A couple interagency agreements resulted, but still, the labs’ animal welfare violations were at risk of public exposure. Now, APHIS seems to have come up with a plan to better shield the labs; they call it: “Incentives for Identifying, Reporting, Correcting, and Preventing Noncompliance with the Animal Welfare Act.”

Those incentives? Not being cited in writing. It appears that the agency has come up with a plan to collude with the industry to make it even harder for the public to find out what is happening to the animals. A friend likened the new system to the Catholic confessional -- what’s said remains confidential and absolution is all but certain.

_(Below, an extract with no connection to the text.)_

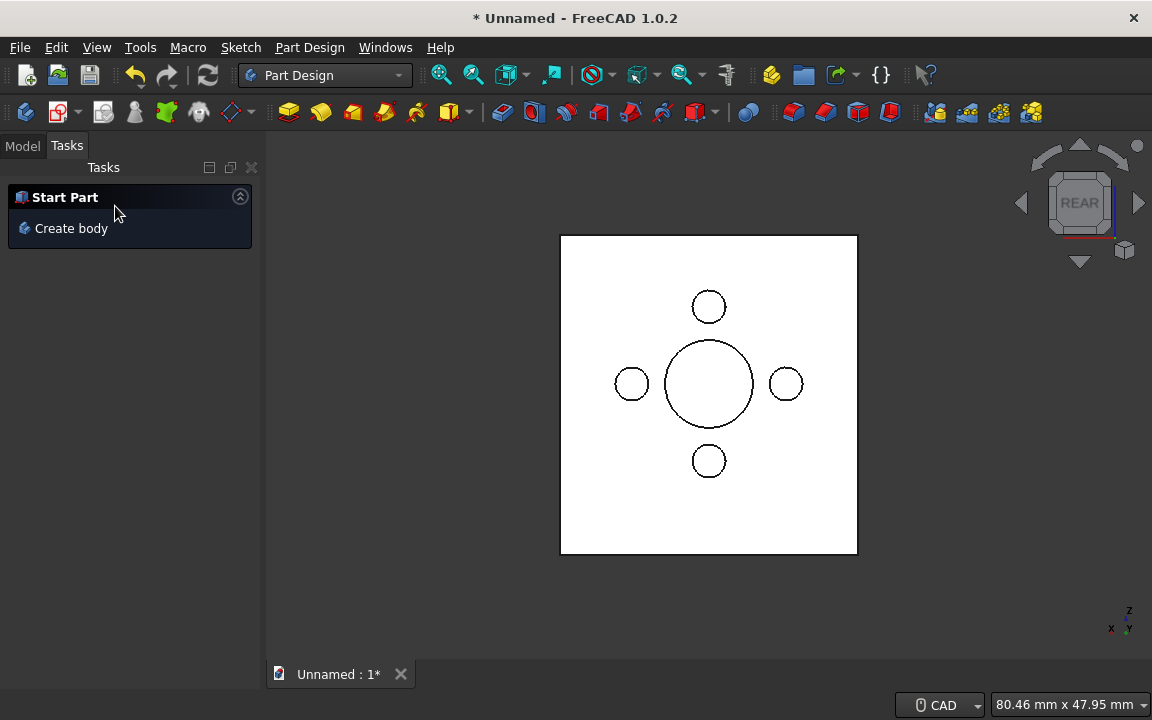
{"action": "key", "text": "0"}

It seems to work like this: A lab official learns that a violation has occurred. A call is made to APHIS, just as a call will be made to OLAW. APHIS makes a record of the call without mentioning the name of the facility. The violation will not show up on an inspection report. When an annual inspection occurs, a violation will not be mentioned in the inspection report if there was no mention of a violation in the last inspection report and the lab had previously self-reported it.

Additionally, apparently, unless the inspector witnesses the violation during the actual inspection, the violation will not be recorded in the inspection report.

One thing is clear: the animal welfare records of the labs are going to show improvement, it will be much more difficult to recognize a pattern of violations, and the apparent reduction of recorded violations will make APHIS look like it is doing a better job. Yes sir, its win-win for everyone except the few people who take the time to try and find out what’s really going on in the labs and the animals.